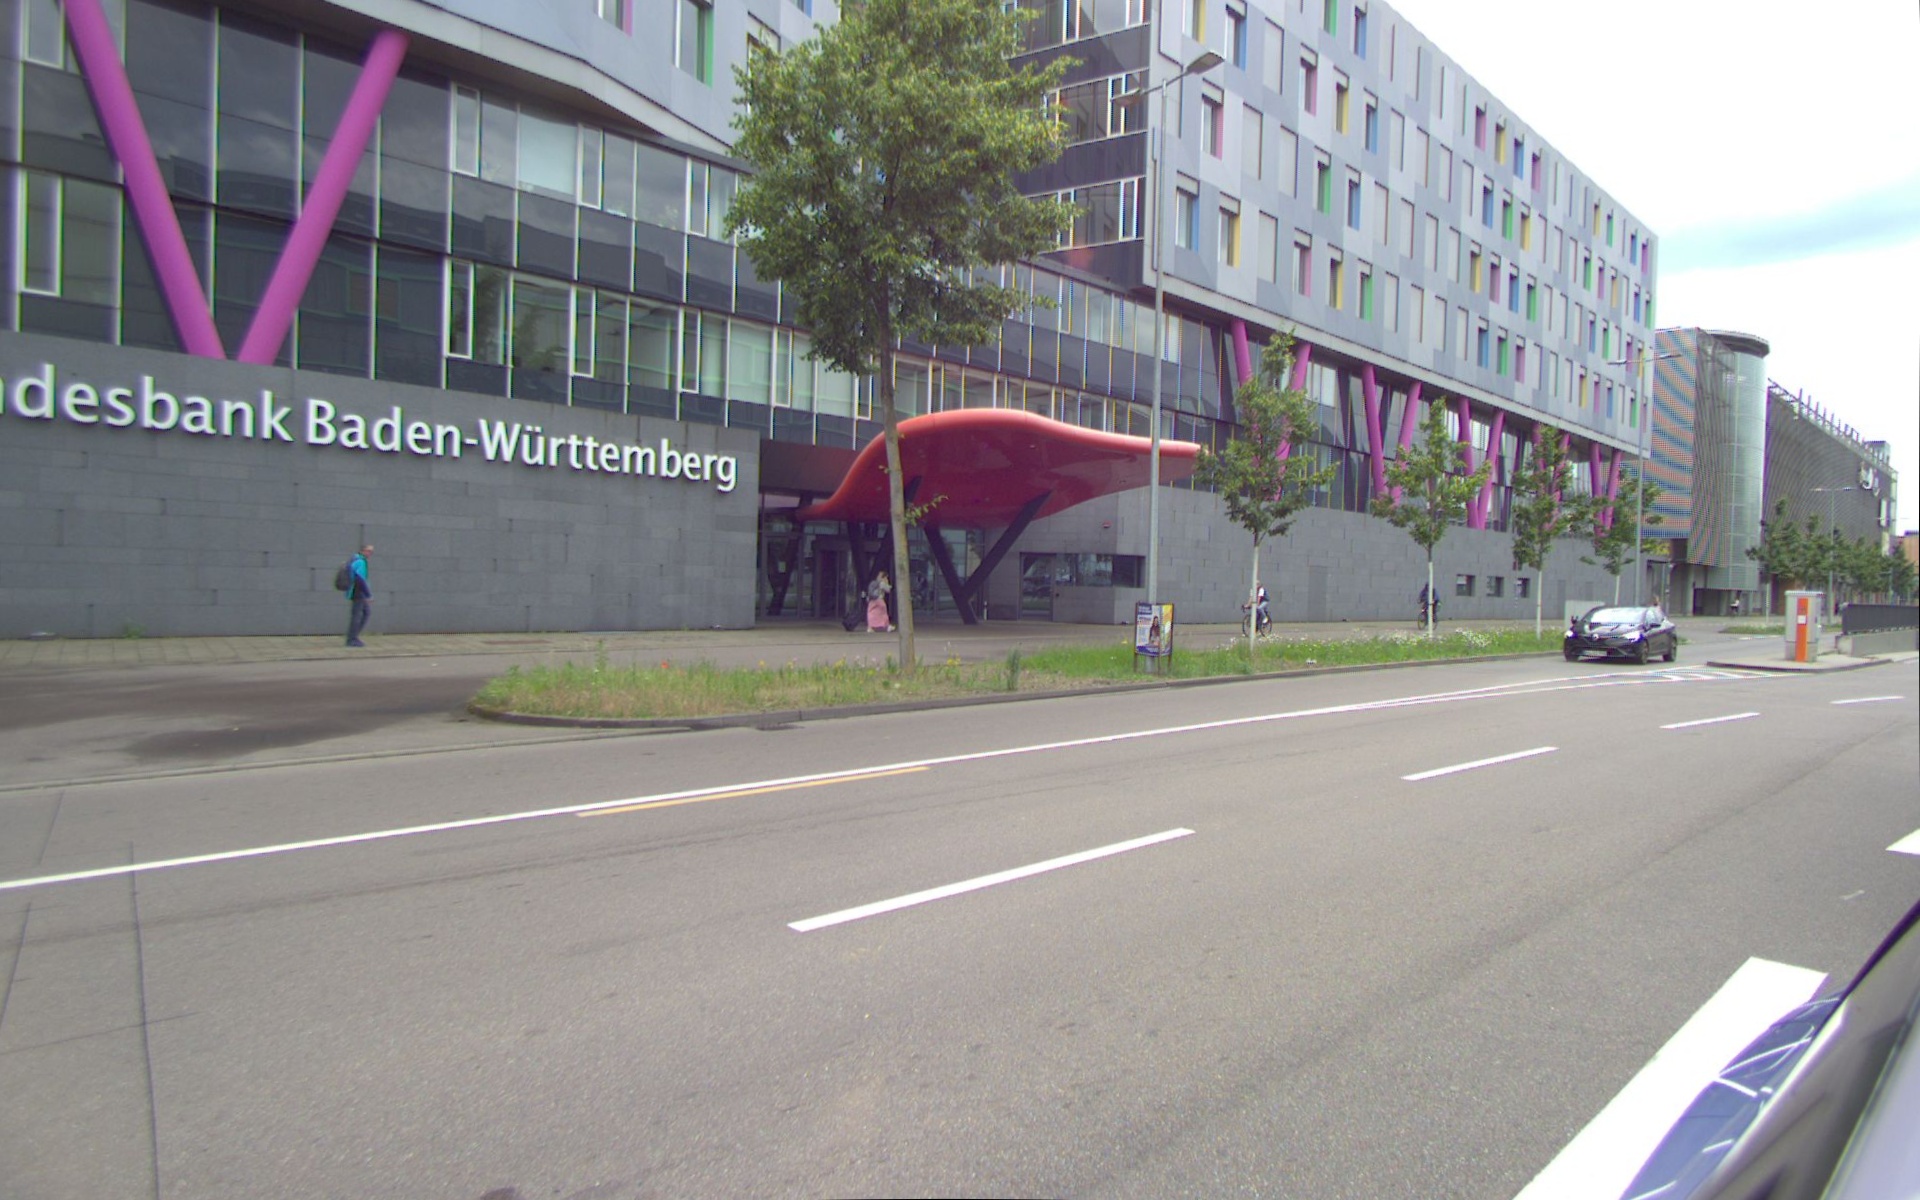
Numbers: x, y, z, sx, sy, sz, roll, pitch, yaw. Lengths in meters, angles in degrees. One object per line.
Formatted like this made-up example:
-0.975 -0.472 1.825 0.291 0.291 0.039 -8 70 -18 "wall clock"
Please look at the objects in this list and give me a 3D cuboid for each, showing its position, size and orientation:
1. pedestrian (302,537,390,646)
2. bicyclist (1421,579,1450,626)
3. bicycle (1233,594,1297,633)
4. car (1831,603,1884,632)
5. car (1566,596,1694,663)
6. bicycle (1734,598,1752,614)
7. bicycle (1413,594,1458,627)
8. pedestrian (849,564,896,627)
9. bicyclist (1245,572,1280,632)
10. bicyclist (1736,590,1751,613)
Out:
-10.504 -0.153 17.316 1.116 1.792 1.054 1 1 -40 "pedestrian"
19.130 0.111 40.747 0.692 1.826 0.783 6 -3 -41 "bicyclist"
9.535 0.432 31.606 2.304 1.173 0.800 2 0 -42 "bicycle"
47.898 0.892 53.975 4.266 1.480 1.566 0 0 -41 "car"
17.033 0.698 25.658 4.266 1.479 1.567 0 3 -41 "car"
63.915 0.503 82.580 2.183 1.209 0.784 1 1 -43 "bicycle"
19.172 0.431 40.788 2.303 1.173 0.800 6 -3 -42 "bicycle"
-2.276 -0.113 26.330 0.898 1.602 0.786 1 1 -40 "pedestrian"
9.402 0.062 31.486 0.692 1.825 0.783 2 -1 -41 "bicyclist"
63.971 0.138 82.613 0.957 1.809 0.771 1 1 -42 "bicyclist"

==============================

Directions for this task> Return the entries verbatim, pictures excluded.

Solution to this problem>
Numbers: x, y, z, sx, sy, sz, roll, pitch, yaw. Lengths in meters, angles in degrees. One object per line.
Formatted like this made-up example:
-0.975 -0.472 1.825 0.291 0.291 0.039 -8 70 -18 "wall clock"
Please look at the objects in this list and give me a 3D cuboid for each, showing its position, size and orientation:
1. pedestrian (302,537,390,646)
2. bicyclist (1421,579,1450,626)
3. bicycle (1233,594,1297,633)
4. car (1831,603,1884,632)
5. car (1566,596,1694,663)
6. bicycle (1734,598,1752,614)
7. bicycle (1413,594,1458,627)
8. pedestrian (849,564,896,627)
9. bicyclist (1245,572,1280,632)
10. bicyclist (1736,590,1751,613)
Out:
-10.504 -0.153 17.316 1.116 1.792 1.054 1 1 -40 "pedestrian"
19.130 0.111 40.747 0.692 1.826 0.783 6 -3 -41 "bicyclist"
9.535 0.432 31.606 2.304 1.173 0.800 2 0 -42 "bicycle"
47.898 0.892 53.975 4.266 1.480 1.566 0 0 -41 "car"
17.033 0.698 25.658 4.266 1.479 1.567 0 3 -41 "car"
63.915 0.503 82.580 2.183 1.209 0.784 1 1 -43 "bicycle"
19.172 0.431 40.788 2.303 1.173 0.800 6 -3 -42 "bicycle"
-2.276 -0.113 26.330 0.898 1.602 0.786 1 1 -40 "pedestrian"
9.402 0.062 31.486 0.692 1.825 0.783 2 -1 -41 "bicyclist"
63.971 0.138 82.613 0.957 1.809 0.771 1 1 -42 "bicyclist"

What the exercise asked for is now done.